• [Brief]: All entries need to be written out again exactly, without their pictures.

• [Given records]:

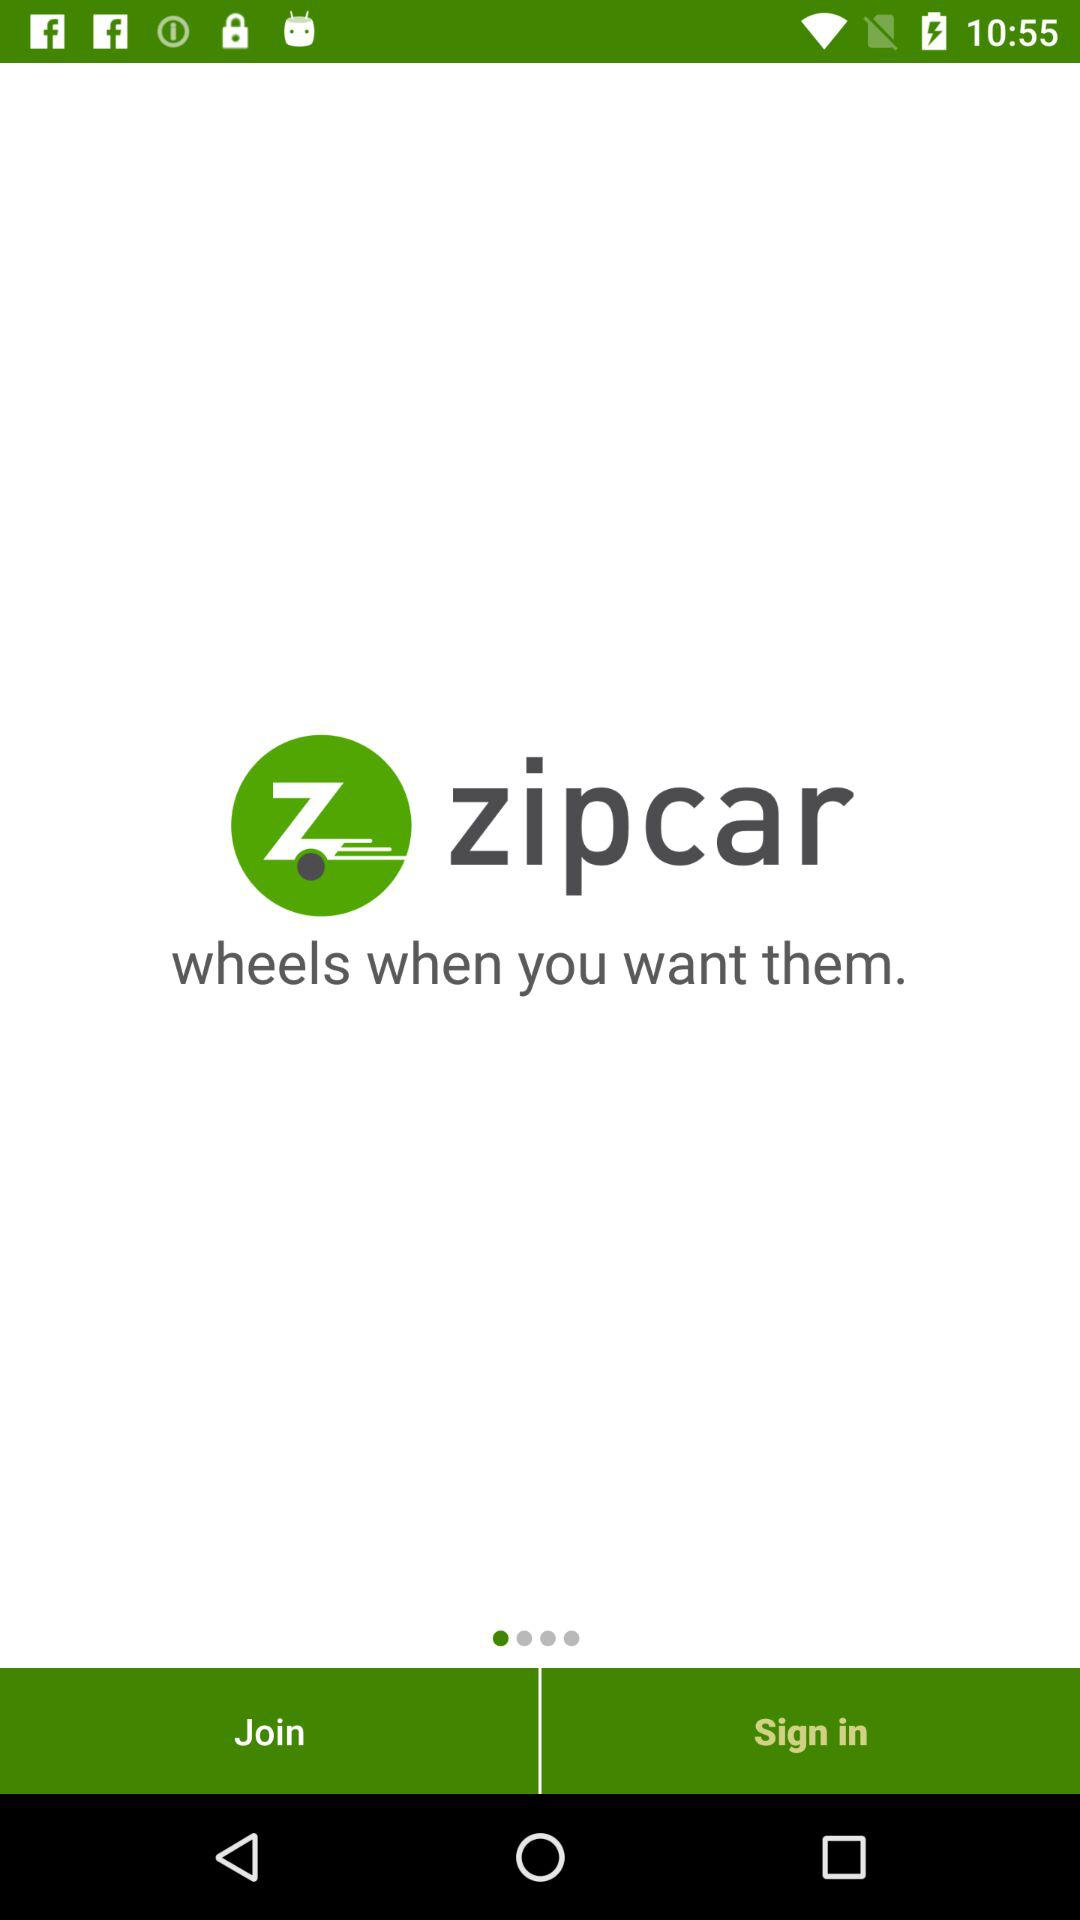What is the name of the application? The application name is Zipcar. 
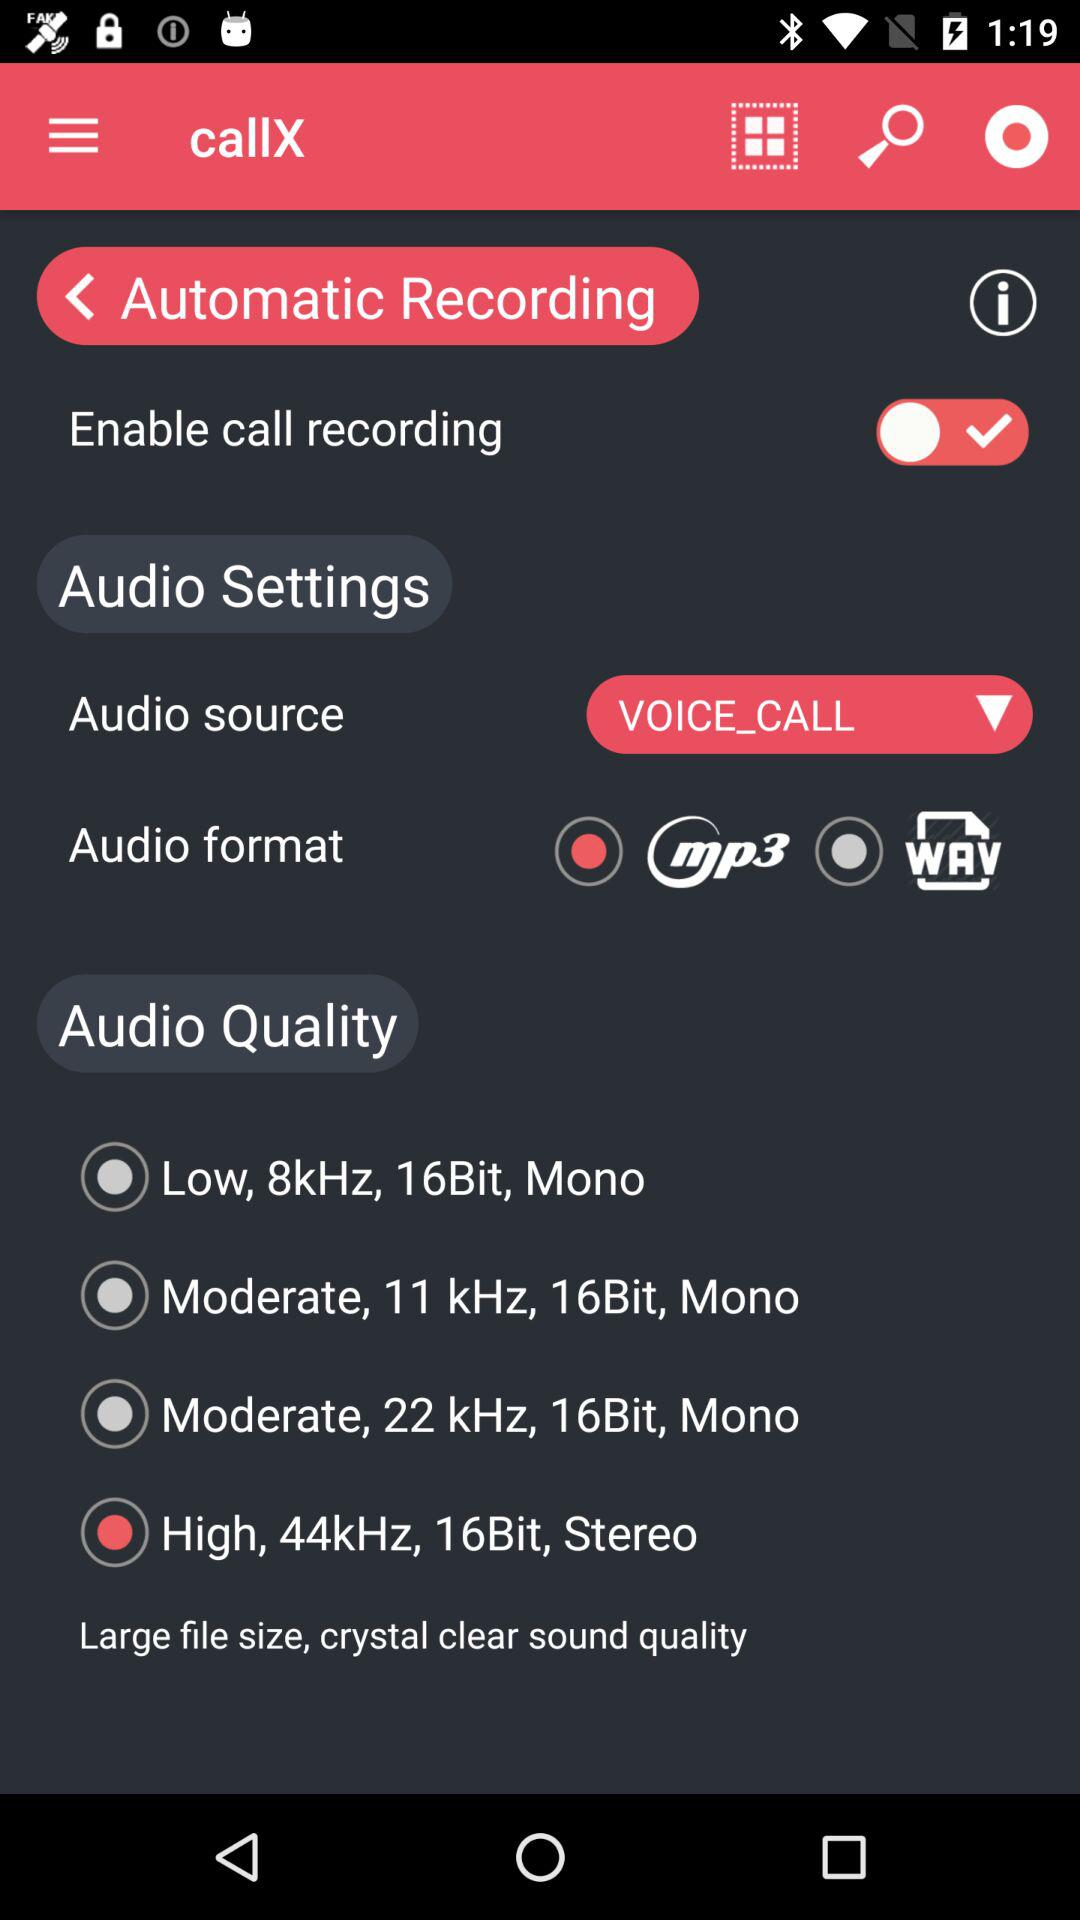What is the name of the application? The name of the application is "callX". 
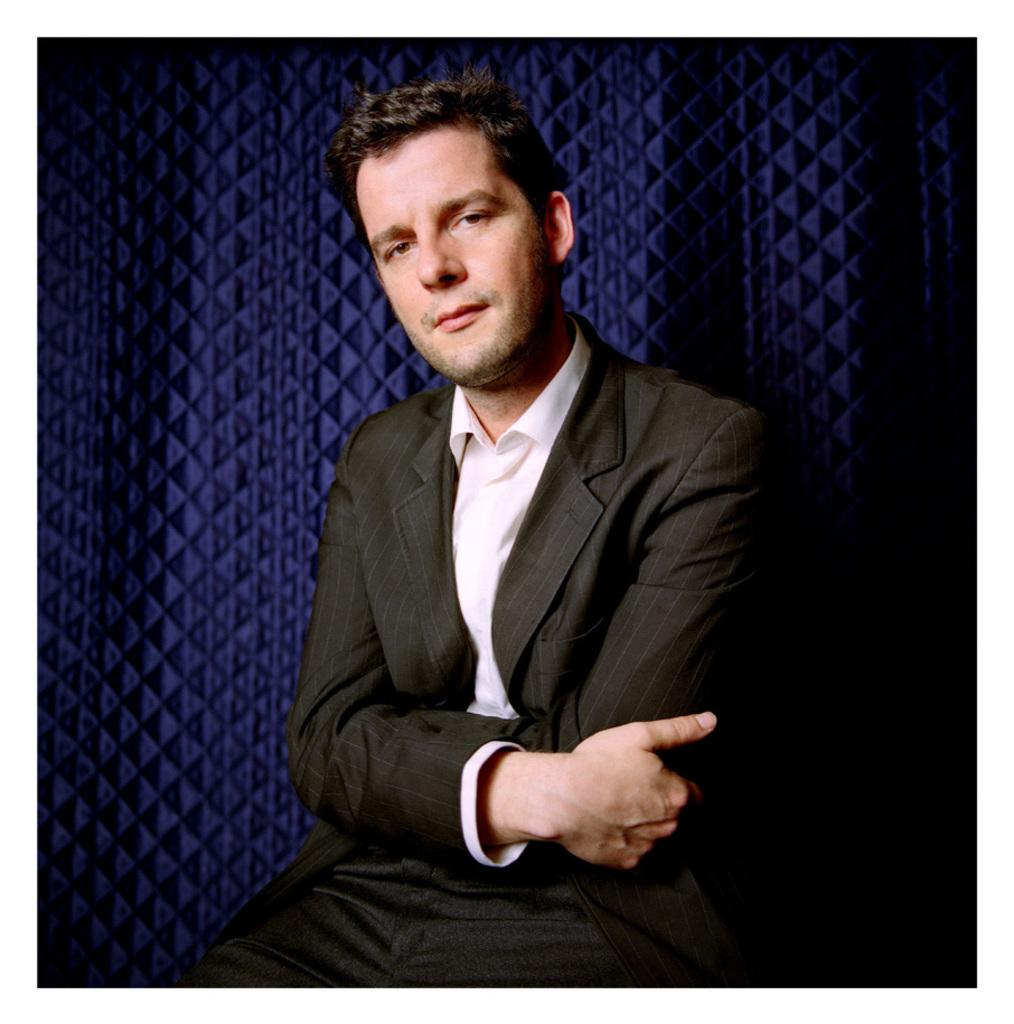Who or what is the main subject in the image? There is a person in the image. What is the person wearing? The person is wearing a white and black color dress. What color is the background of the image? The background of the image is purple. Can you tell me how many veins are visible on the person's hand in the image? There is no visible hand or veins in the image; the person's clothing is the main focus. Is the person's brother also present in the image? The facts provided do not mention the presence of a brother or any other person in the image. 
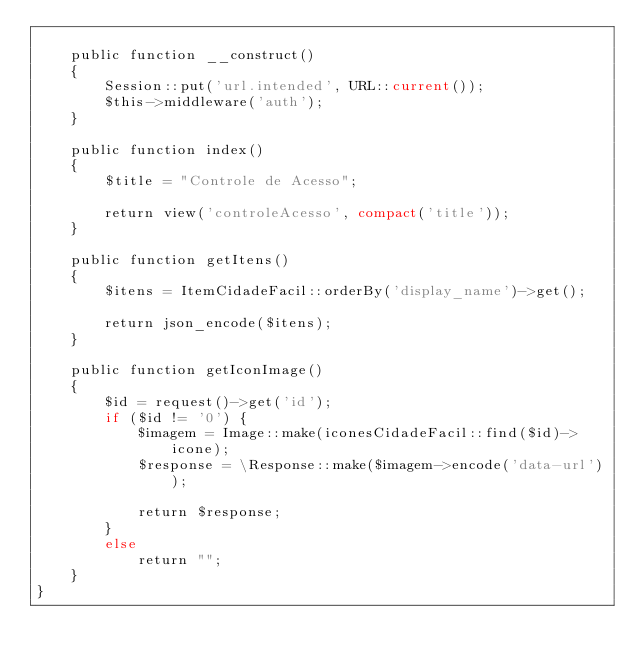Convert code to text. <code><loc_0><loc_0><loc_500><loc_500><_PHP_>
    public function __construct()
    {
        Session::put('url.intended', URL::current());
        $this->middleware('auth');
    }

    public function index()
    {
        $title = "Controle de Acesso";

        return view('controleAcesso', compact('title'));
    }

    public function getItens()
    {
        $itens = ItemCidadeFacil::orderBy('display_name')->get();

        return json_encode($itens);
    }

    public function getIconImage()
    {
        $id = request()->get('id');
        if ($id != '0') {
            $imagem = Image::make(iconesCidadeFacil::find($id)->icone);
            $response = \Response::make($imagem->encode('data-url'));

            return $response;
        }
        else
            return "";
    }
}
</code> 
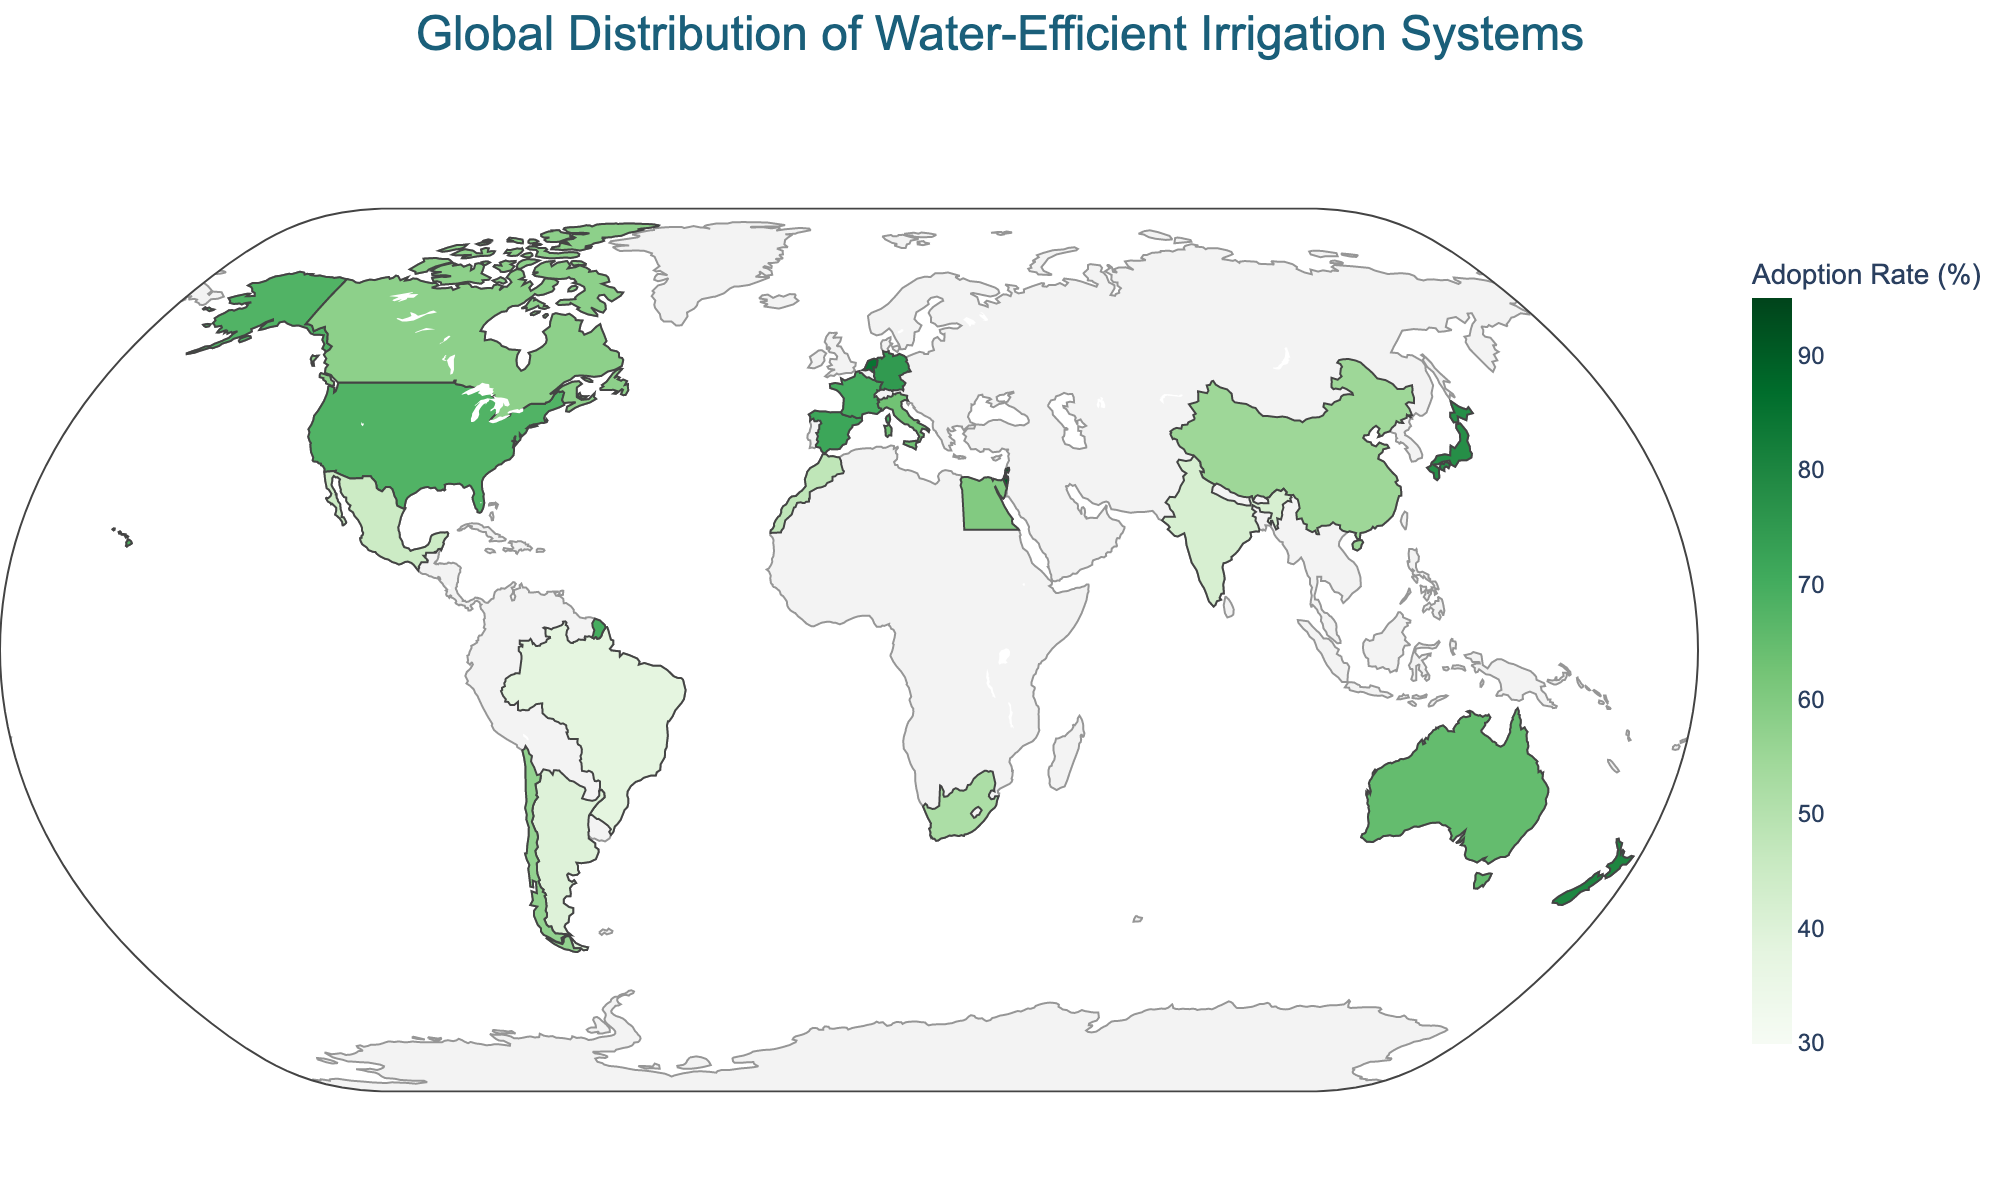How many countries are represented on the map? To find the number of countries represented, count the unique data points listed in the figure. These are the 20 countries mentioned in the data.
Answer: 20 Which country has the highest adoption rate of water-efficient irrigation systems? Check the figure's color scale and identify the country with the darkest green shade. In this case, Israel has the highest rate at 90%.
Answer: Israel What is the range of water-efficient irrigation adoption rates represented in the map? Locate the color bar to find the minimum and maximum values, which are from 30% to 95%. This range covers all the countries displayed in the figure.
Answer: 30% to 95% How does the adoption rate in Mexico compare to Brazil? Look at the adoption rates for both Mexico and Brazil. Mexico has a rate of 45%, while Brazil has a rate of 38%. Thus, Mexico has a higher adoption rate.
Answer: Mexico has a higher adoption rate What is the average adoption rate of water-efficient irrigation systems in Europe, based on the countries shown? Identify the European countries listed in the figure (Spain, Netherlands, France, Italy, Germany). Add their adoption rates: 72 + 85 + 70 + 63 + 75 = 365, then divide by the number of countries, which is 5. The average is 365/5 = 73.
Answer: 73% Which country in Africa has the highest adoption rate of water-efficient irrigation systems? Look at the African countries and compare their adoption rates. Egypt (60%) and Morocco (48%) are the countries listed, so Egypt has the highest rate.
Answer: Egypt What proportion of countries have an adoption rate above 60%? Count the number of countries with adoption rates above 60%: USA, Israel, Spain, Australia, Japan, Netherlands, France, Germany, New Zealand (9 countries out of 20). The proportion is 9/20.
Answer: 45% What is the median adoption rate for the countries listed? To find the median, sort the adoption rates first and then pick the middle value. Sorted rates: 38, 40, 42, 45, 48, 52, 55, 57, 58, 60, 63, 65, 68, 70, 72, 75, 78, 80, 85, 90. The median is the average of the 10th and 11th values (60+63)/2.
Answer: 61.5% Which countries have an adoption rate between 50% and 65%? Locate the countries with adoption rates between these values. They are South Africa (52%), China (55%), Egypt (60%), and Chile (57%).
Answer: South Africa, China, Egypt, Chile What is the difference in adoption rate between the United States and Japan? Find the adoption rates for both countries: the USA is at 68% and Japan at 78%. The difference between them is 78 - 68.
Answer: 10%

• [Response to the exercise]:
What is the name of the application? The application name is Zipcar. 
What is the name of the application? The name of the application is "callX". 
Who or what is the main subject in the image? There is a person in the image. What is the person wearing? The person is wearing a white and black color dress. What color is the background of the image? The background of the image is purple. Can you tell me how many veins are visible on the person's hand in the image? There is no visible hand or veins in the image; the person's clothing is the main focus. Is the person's brother also present in the image? The facts provided do not mention the presence of a brother or any other person in the image. 
Convert code to text. <code><loc_0><loc_0><loc_500><loc_500><_PHP_>
    public function __construct()
    {
        Session::put('url.intended', URL::current());
        $this->middleware('auth');
    }

    public function index()
    {
        $title = "Controle de Acesso";

        return view('controleAcesso', compact('title'));
    }

    public function getItens()
    {
        $itens = ItemCidadeFacil::orderBy('display_name')->get();

        return json_encode($itens);
    }

    public function getIconImage()
    {
        $id = request()->get('id');
        if ($id != '0') {
            $imagem = Image::make(iconesCidadeFacil::find($id)->icone);
            $response = \Response::make($imagem->encode('data-url'));

            return $response;
        }
        else
            return "";
    }
}
</code> 
How many countries are represented on the map? To find the number of countries represented, count the unique data points listed in the figure. These are the 20 countries mentioned in the data.
Answer: 20 Which country has the highest adoption rate of water-efficient irrigation systems? Check the figure's color scale and identify the country with the darkest green shade. In this case, Israel has the highest rate at 90%.
Answer: Israel What is the range of water-efficient irrigation adoption rates represented in the map? Locate the color bar to find the minimum and maximum values, which are from 30% to 95%. This range covers all the countries displayed in the figure.
Answer: 30% to 95% How does the adoption rate in Mexico compare to Brazil? Look at the adoption rates for both Mexico and Brazil. Mexico has a rate of 45%, while Brazil has a rate of 38%. Thus, Mexico has a higher adoption rate.
Answer: Mexico has a higher adoption rate What is the average adoption rate of water-efficient irrigation systems in Europe, based on the countries shown? Identify the European countries listed in the figure (Spain, Netherlands, France, Italy, Germany). Add their adoption rates: 72 + 85 + 70 + 63 + 75 = 365, then divide by the number of countries, which is 5. The average is 365/5 = 73.
Answer: 73% Which country in Africa has the highest adoption rate of water-efficient irrigation systems? Look at the African countries and compare their adoption rates. Egypt (60%) and Morocco (48%) are the countries listed, so Egypt has the highest rate.
Answer: Egypt What proportion of countries have an adoption rate above 60%? Count the number of countries with adoption rates above 60%: USA, Israel, Spain, Australia, Japan, Netherlands, France, Germany, New Zealand (9 countries out of 20). The proportion is 9/20.
Answer: 45% What is the median adoption rate for the countries listed? To find the median, sort the adoption rates first and then pick the middle value. Sorted rates: 38, 40, 42, 45, 48, 52, 55, 57, 58, 60, 63, 65, 68, 70, 72, 75, 78, 80, 85, 90. The median is the average of the 10th and 11th values (60+63)/2.
Answer: 61.5% Which countries have an adoption rate between 50% and 65%? Locate the countries with adoption rates between these values. They are South Africa (52%), China (55%), Egypt (60%), and Chile (57%).
Answer: South Africa, China, Egypt, Chile What is the difference in adoption rate between the United States and Japan? Find the adoption rates for both countries: the USA is at 68% and Japan at 78%. The difference between them is 78 - 68.
Answer: 10%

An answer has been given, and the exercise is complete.